#### Exercise brief:
The required result is the exact run of lines beginning at the one containing "Answer: Commemorate contributions" and ending at the last line of the entries.

#### Data section:

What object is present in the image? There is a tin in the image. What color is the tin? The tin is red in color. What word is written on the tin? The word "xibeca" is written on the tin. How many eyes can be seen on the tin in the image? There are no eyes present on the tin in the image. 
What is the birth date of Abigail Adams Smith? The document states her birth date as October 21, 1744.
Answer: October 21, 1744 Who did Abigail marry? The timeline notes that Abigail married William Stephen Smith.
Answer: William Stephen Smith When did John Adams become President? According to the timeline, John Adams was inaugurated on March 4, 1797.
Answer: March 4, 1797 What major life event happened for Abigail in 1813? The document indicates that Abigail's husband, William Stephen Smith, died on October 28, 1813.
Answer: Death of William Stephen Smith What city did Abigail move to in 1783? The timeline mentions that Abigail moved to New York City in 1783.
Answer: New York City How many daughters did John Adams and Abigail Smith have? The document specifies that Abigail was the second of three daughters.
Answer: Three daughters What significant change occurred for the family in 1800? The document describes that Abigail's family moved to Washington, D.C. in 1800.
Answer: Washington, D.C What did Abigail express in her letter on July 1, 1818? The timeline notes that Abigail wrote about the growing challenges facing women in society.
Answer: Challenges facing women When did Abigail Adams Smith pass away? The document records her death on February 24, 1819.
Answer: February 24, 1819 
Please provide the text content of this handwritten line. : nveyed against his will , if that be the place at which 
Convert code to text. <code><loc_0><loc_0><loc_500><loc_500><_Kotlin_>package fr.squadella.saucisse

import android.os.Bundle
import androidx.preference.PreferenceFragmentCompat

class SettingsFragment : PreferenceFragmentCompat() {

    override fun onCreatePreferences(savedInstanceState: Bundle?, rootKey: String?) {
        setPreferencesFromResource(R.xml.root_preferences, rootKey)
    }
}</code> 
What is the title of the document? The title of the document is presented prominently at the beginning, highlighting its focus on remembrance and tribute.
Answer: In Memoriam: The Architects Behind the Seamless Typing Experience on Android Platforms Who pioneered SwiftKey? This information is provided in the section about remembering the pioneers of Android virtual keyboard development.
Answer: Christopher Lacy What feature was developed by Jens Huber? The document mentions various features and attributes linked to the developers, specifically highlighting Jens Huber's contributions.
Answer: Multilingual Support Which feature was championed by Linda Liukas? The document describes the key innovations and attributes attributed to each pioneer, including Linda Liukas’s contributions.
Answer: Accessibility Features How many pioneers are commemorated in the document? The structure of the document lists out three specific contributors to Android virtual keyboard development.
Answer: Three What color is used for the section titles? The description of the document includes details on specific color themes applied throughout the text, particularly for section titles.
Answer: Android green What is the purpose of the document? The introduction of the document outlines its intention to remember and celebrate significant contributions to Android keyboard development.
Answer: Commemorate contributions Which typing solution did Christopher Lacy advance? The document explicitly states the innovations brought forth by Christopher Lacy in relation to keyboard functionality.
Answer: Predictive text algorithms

#### Answer section:
Answer: Commemorate contributions Which typing solution did Christopher Lacy advance? The document explicitly states the innovations brought forth by Christopher Lacy in relation to keyboard functionality.
Answer: Predictive text algorithms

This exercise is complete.